Copy each line of the data beneath in which the word "Splash" appears.

Extracted entries: Begin

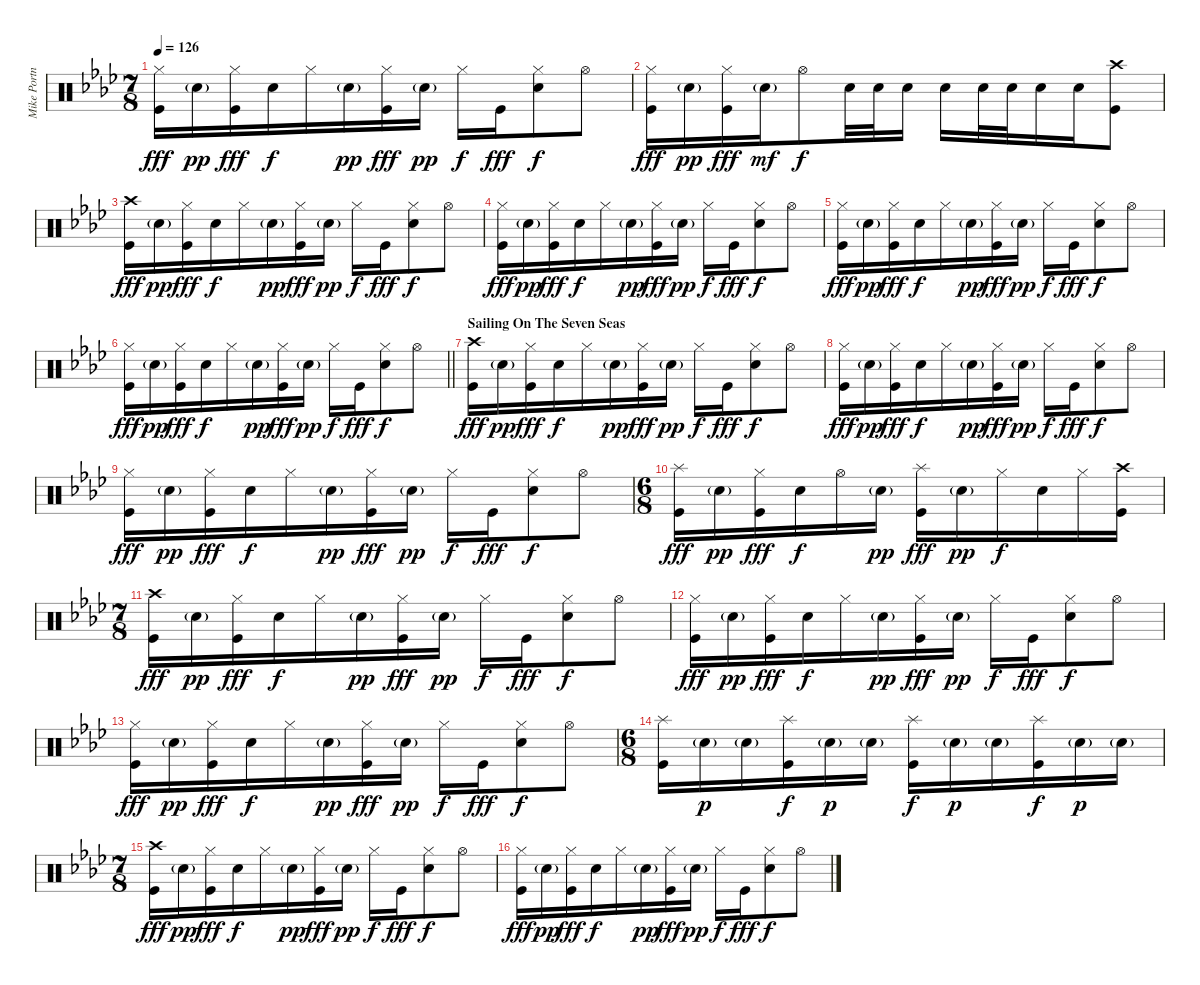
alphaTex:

\track ("Mike Portnoy" "Mike Portn") {instrument percussion}
\staff {score}
\articulation defaults
\ts (7 8)
\tempo 126
\clef neutral
\ks ab
("Hi-Hat (closed)" "Kick (hit)").16{dy fff} "Electric Snare (hit)"{g}.16{dy pp} ("Hi-Hat (closed)" "Kick (hit)").16{dy fff} "Electric Snare (hit)".16{dy f} "Hi-Hat (closed)".16 "Electric Snare (hit)"{g}.16{dy pp} ("Hi-Hat (closed)" "Kick (hit)").16{dy fff} "Electric Snare (hit)"{g}.16{dy pp} "Hi-Hat (closed)".16{dy f} "Kick (hit)".16{dy fff} ("Hi-Hat (closed)" "Electric Snare (hit)").8{dy f} "Hi-Hat (open)".8 |
("Hi-Hat (closed)" "Kick (hit)").16{dy fff} "Electric Snare (hit)"{g}.16{dy pp} ("Hi-Hat (closed)" "Kick (hit)").16{dy fff} "Electric Snare (hit)"{g}.16{dy mf} "Hi-Hat (open)".8{dy f} "Electric Snare (hit)".32 "Electric Snare (hit)".32 "Electric Snare (hit)".16 "Electric Snare (hit)".16 "Electric Snare (hit)".32 "Electric Snare (hit)".32 "Electric Snare (hit)".16 "Electric Snare (hit)".16 ("Crash high (hit)" "Kick (hit)").8 |
("Crash high (hit)" "Kick (hit)").16{dy fff} "Electric Snare (hit)"{g}.16{dy pp} ("Hi-Hat (closed)" "Kick (hit)").16{dy fff} "Electric Snare (hit)".16{dy f} "Hi-Hat (closed)".16 "Electric Snare (hit)"{g}.16{dy pp} ("Hi-Hat (closed)" "Kick (hit)").16{dy fff} "Electric Snare (hit)"{g}.16{dy pp} "Hi-Hat (closed)".16{dy f} "Kick (hit)".16{dy fff} ("Hi-Hat (closed)" "Electric Snare (hit)").8{dy f} "Hi-Hat (open)".8 |
("Hi-Hat (closed)" "Kick (hit)").16{dy fff} "Electric Snare (hit)"{g}.16{dy pp} ("Hi-Hat (closed)" "Kick (hit)").16{dy fff} "Electric Snare (hit)".16{dy f} "Hi-Hat (closed)".16 "Electric Snare (hit)"{g}.16{dy pp} ("Hi-Hat (closed)" "Kick (hit)").16{dy fff} "Electric Snare (hit)"{g}.16{dy pp} "Hi-Hat (closed)".16{dy f} "Kick (hit)".16{dy fff} ("Hi-Hat (closed)" "Electric Snare (hit)").8{dy f} "Hi-Hat (open)".8 |
("Hi-Hat (closed)" "Kick (hit)").16{dy fff} "Electric Snare (hit)"{g}.16{dy pp} ("Hi-Hat (closed)" "Kick (hit)").16{dy fff} "Electric Snare (hit)".16{dy f} "Hi-Hat (closed)".16 "Electric Snare (hit)"{g}.16{dy pp} ("Hi-Hat (closed)" "Kick (hit)").16{dy fff} "Electric Snare (hit)"{g}.16{dy pp} "Hi-Hat (closed)".16{dy f} "Kick (hit)".16{dy fff} ("Hi-Hat (closed)" "Electric Snare (hit)").8{dy f} "Hi-Hat (open)".8 |
\barLineRight lightlight
("Hi-Hat (closed)" "Kick (hit)").16{dy fff} "Electric Snare (hit)"{g}.16{dy pp} ("Hi-Hat (closed)" "Kick (hit)").16{dy fff} "Electric Snare (hit)".16{dy f} "Hi-Hat (closed)".16 "Electric Snare (hit)"{g}.16{dy pp} ("Hi-Hat (closed)" "Kick (hit)").16{dy fff} "Electric Snare (hit)"{g}.16{dy pp} "Hi-Hat (closed)".16{dy f} "Kick (hit)".16{dy fff} ("Hi-Hat (closed)" "Electric Snare (hit)").8{dy f} "Hi-Hat (open)".8 |
\section ("" "Sailing On The Seven Seas")
("Crash high (hit)" "Kick (hit)").16{dy fff} "Electric Snare (hit)"{g}.16{dy pp} ("Hi-Hat (closed)" "Kick (hit)").16{dy fff} "Electric Snare (hit)".16{dy f} "Hi-Hat (closed)".16 "Electric Snare (hit)"{g}.16{dy pp} ("Hi-Hat (closed)" "Kick (hit)").16{dy fff} "Electric Snare (hit)"{g}.16{dy pp} "Hi-Hat (closed)".16{dy f} "Kick (hit)".16{dy fff} ("Hi-Hat (closed)" "Electric Snare (hit)").8{dy f} "Hi-Hat (open)".8 |
("Hi-Hat (closed)" "Kick (hit)").16{dy fff} "Electric Snare (hit)"{g}.16{dy pp} ("Hi-Hat (closed)" "Kick (hit)").16{dy fff} "Electric Snare (hit)".16{dy f} "Hi-Hat (closed)".16 "Electric Snare (hit)"{g}.16{dy pp} ("Hi-Hat (closed)" "Kick (hit)").16{dy fff} "Electric Snare (hit)"{g}.16{dy pp} "Hi-Hat (closed)".16{dy f} "Kick (hit)".16{dy fff} ("Hi-Hat (closed)" "Electric Snare (hit)").8{dy f} "Hi-Hat (open)".8 |
("Hi-Hat (closed)" "Kick (hit)").16{dy fff} "Electric Snare (hit)"{g}.16{dy pp} ("Hi-Hat (closed)" "Kick (hit)").16{dy fff} "Electric Snare (hit)".16{dy f} "Hi-Hat (closed)".16 "Electric Snare (hit)"{g}.16{dy pp} ("Hi-Hat (closed)" "Kick (hit)").16{dy fff} "Electric Snare (hit)"{g}.16{dy pp} "Hi-Hat (closed)".16{dy f} "Kick (hit)".16{dy fff} ("Hi-Hat (closed)" "Electric Snare (hit)").8{dy f} "Hi-Hat (open)".8 |
\ts (6 8)
("Splash (hit)" "Kick (hit)").16{dy fff} "Electric Snare (hit)"{g}.16{dy pp} ("Hi-Hat (closed)" "Kick (hit)").16{dy fff} "Electric Snare (hit)".16{dy f} "Hi-Hat (open)".16 "Electric Snare (hit)"{g}.16{dy pp} ("Splash (hit)" "Kick (hit)").16{dy fff} "Electric Snare (hit)"{g}.16{dy pp} "Hi-Hat (closed)".16{dy f} "Electric Snare (hit)".16 "Hi-Hat (closed)".16 ("Crash high (hit)" "Kick (hit)").16 |
\ts (7 8)
("Crash high (hit)" "Kick (hit)").16{dy fff} "Electric Snare (hit)"{g}.16{dy pp} ("Hi-Hat (closed)" "Kick (hit)").16{dy fff} "Electric Snare (hit)".16{dy f} "Hi-Hat (closed)".16 "Electric Snare (hit)"{g}.16{dy pp} ("Hi-Hat (closed)" "Kick (hit)").16{dy fff} "Electric Snare (hit)"{g}.16{dy pp} "Hi-Hat (closed)".16{dy f} "Kick (hit)".16{dy fff} ("Hi-Hat (closed)" "Electric Snare (hit)").8{dy f} "Hi-Hat (open)".8 |
("Hi-Hat (closed)" "Kick (hit)").16{dy fff} "Electric Snare (hit)"{g}.16{dy pp} ("Hi-Hat (closed)" "Kick (hit)").16{dy fff} "Electric Snare (hit)".16{dy f} "Hi-Hat (closed)".16 "Electric Snare (hit)"{g}.16{dy pp} ("Hi-Hat (closed)" "Kick (hit)").16{dy fff} "Electric Snare (hit)"{g}.16{dy pp} "Hi-Hat (closed)".16{dy f} "Kick (hit)".16{dy fff} ("Hi-Hat (closed)" "Electric Snare (hit)").8{dy f} "Hi-Hat (open)".8 |
("Hi-Hat (closed)" "Kick (hit)").16{dy fff} "Electric Snare (hit)"{g}.16{dy pp} ("Hi-Hat (closed)" "Kick (hit)").16{dy fff} "Electric Snare (hit)".16{dy f} "Hi-Hat (closed)".16 "Electric Snare (hit)"{g}.16{dy pp} ("Hi-Hat (closed)" "Kick (hit)").16{dy fff} "Electric Snare (hit)"{g}.16{dy pp} "Hi-Hat (closed)".16{dy f} "Kick (hit)".16{dy fff} ("Hi-Hat (closed)" "Electric Snare (hit)").8{dy f} "Hi-Hat (open)".8 |
\ts (6 8)
("Splash (hit)" "Kick (hit)").16 "Electric Snare (hit)"{g}.16{dy p} "Electric Snare (hit)"{g}.16 ("Splash (hit)" "Kick (hit)").16{dy f} "Electric Snare (hit)"{g}.16{dy p} "Electric Snare (hit)"{g}.16 ("Splash (hit)" "Kick (hit)").16{dy f} "Electric Snare (hit)"{g}.16{dy p} "Electric Snare (hit)"{g}.16 ("Splash (hit)" "Kick (hit)").16{dy f} "Electric Snare (hit)"{g}.16{dy p} "Electric Snare (hit)"{g}.16 |
\ts (7 8)
("Crash high (hit)" "Kick (hit)").16{dy fff} "Electric Snare (hit)"{g}.16{dy pp} ("Hi-Hat (closed)" "Kick (hit)").16{dy fff} "Electric Snare (hit)".16{dy f} "Hi-Hat (closed)".16 "Electric Snare (hit)"{g}.16{dy pp} ("Hi-Hat (closed)" "Kick (hit)").16{dy fff} "Electric Snare (hit)"{g}.16{dy pp} "Hi-Hat (closed)".16{dy f} "Kick (hit)".16{dy fff} ("Hi-Hat (closed)" "Electric Snare (hit)").8{dy f} "Hi-Hat (open)".8 |
("Hi-Hat (closed)" "Kick (hit)").16{dy fff} "Electric Snare (hit)"{g}.16{dy pp} ("Hi-Hat (closed)" "Kick (hit)").16{dy fff} "Electric Snare (hit)".16{dy f} "Hi-Hat (closed)".16 "Electric Snare (hit)"{g}.16{dy pp} ("Hi-Hat (closed)" "Kick (hit)").16{dy fff} "Electric Snare (hit)"{g}.16{dy pp} "Hi-Hat (closed)".16{dy f} "Kick (hit)".16{dy fff} ("Hi-Hat (closed)" "Electric Snare (hit)").8{dy f} "Hi-Hat (open)".8

Extracted entries: End

Response box »
("Splash (hit)" "Kick (hit)").16{dy fff} "Electric Snare (hit)"{g}.16{dy pp} ("Hi-Hat (closed)" "Kick (hit)").16{dy fff} "Electric Snare (hit)".16{dy f} "Hi-Hat (open)".16 "Electric Snare (hit)"{g}.16{dy pp} ("Splash (hit)" "Kick (hit)").16{dy fff} "Electric Snare (hit)"{g}.16{dy pp} "Hi-Hat (closed)".16{dy f} "Electric Snare (hit)".16 "Hi-Hat (closed)".16 ("Crash high (hit)" "Kick (hit)").16 |
("Splash (hit)" "Kick (hit)").16 "Electric Snare (hit)"{g}.16{dy p} "Electric Snare (hit)"{g}.16 ("Splash (hit)" "Kick (hit)").16{dy f} "Electric Snare (hit)"{g}.16{dy p} "Electric Snare (hit)"{g}.16 ("Splash (hit)" "Kick (hit)").16{dy f} "Electric Snare (hit)"{g}.16{dy p} "Electric Snare (hit)"{g}.16 ("Splash (hit)" "Kick (hit)").16{dy f} "Electric Snare (hit)"{g}.16{dy p} "Electric Snare (hit)"{g}.16 |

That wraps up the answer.